Hokkaido Real Estate Attracts Asian Buyers

Graeme Glen is a realtor at H2 Christie‚Äôs International Real Estate, which operates in Hokkaido, Japan. H2 Christie’s has extensive experience helping foreign clients buy and sell property in Japan. The increasing value of foreign currencies has helped their clients to afford bigger and better property for the same level of investment capital. “Our Asian clients often make the decision to buy as they see Hokkaido as a rare combination of stable government, high quality building construction, ease of foreign ownership, undervalued real estate assets, and solid returns on investment.” — Graeme Glen, H2 Christie’s The specific example of real estate sales in Hokkaido are indicative of larger global trends. Areas like Niseko, where the foreign influence was once predominately Australian, UK, and European, now see increasing property sales from Asian buyers looking for vacation homes in Hokkaido or real estate returns from investments.

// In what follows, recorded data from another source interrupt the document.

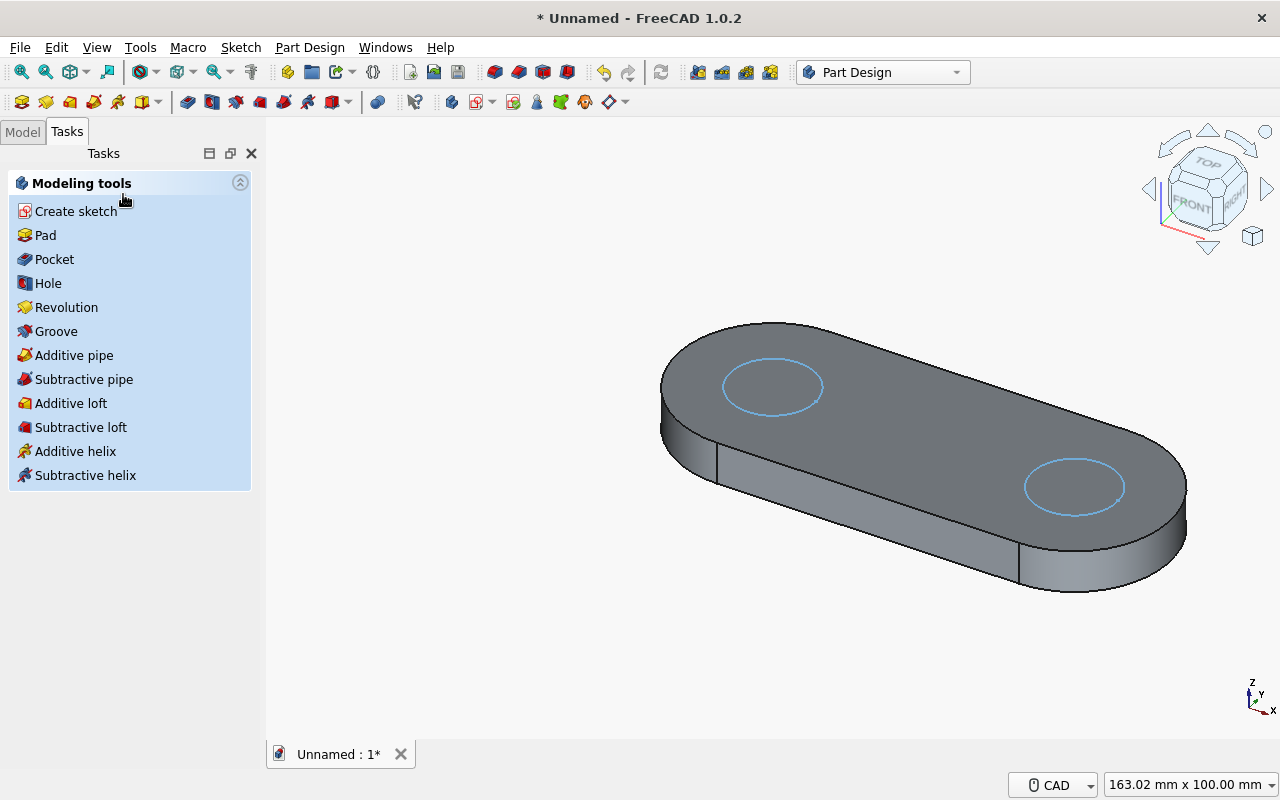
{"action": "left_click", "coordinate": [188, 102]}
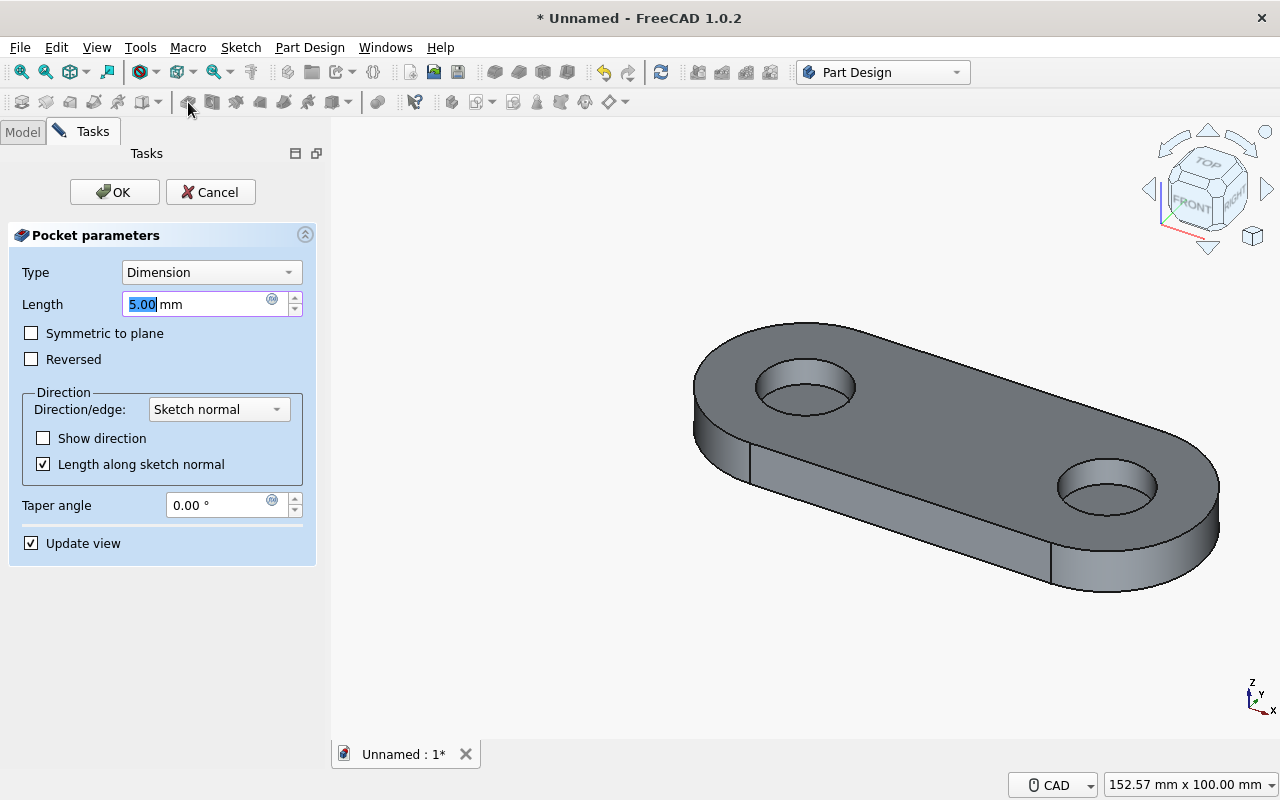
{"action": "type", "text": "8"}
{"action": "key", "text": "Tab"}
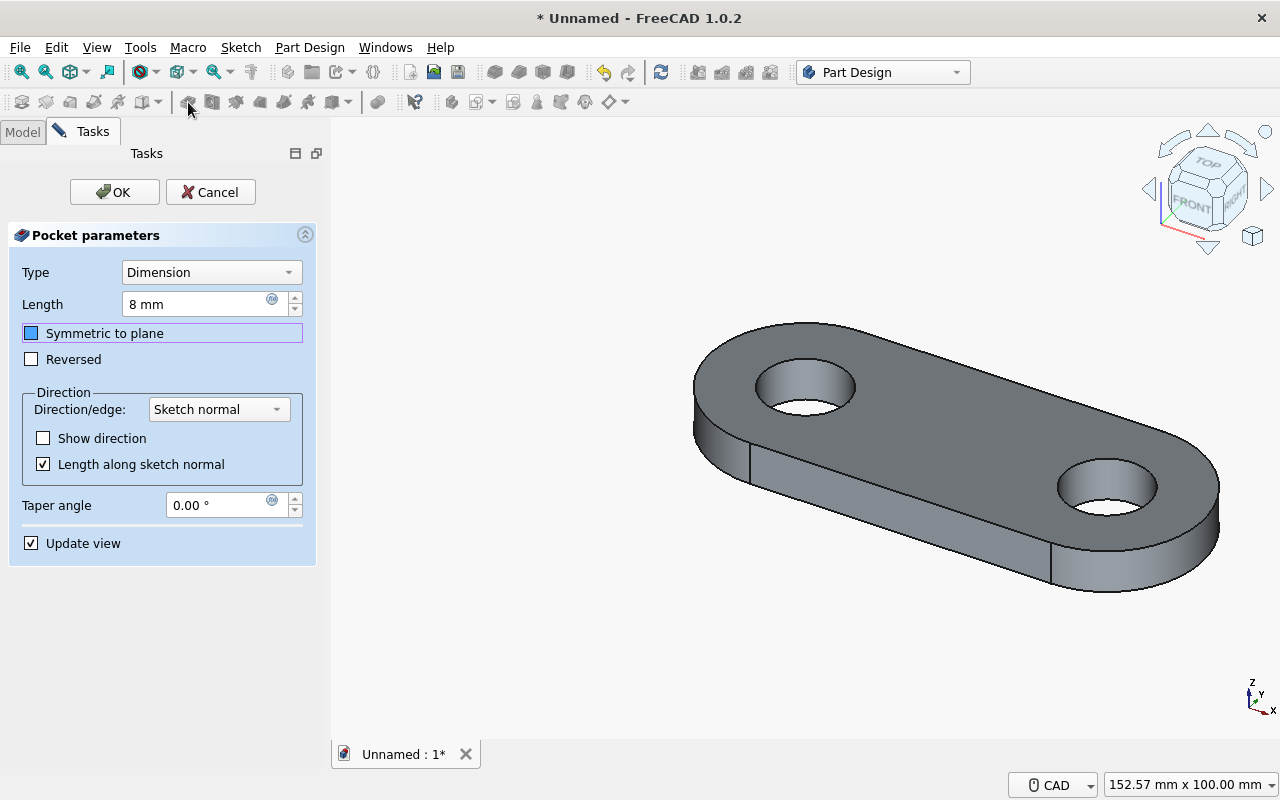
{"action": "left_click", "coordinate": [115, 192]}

Impact on Japanese Real Estate Investors

The changes in the value of the yen are a boon for foreigners, but put some pressure on local Japanese investors as they have to compete with foreign money. When H2 Christie’s has a Hokkaido property for sale, a local buyer may be competing with several foreign offers from stronger economies. The same is true for Tokyo and other major cities in Japan – there is some upward pressure on real estate prices. Many factors make Japan a great place to buy and to hold real estate. The increasing competition and capital from foreign buyers may be contributing to higher prices on some transactions, which can work against local Japanese buyers. However, much of the real estate is being sold by Japanese property owners, many of whom benefit as foreigners bid up purchase prices. It may be that as foreigners can afford to bid higher, the influx of foreign capital will drive up cost and eliminate some of the incentive to buy property in Japan. For now, current trends in real estate in Japan represent a buyers’ market for many foreign real estate investors.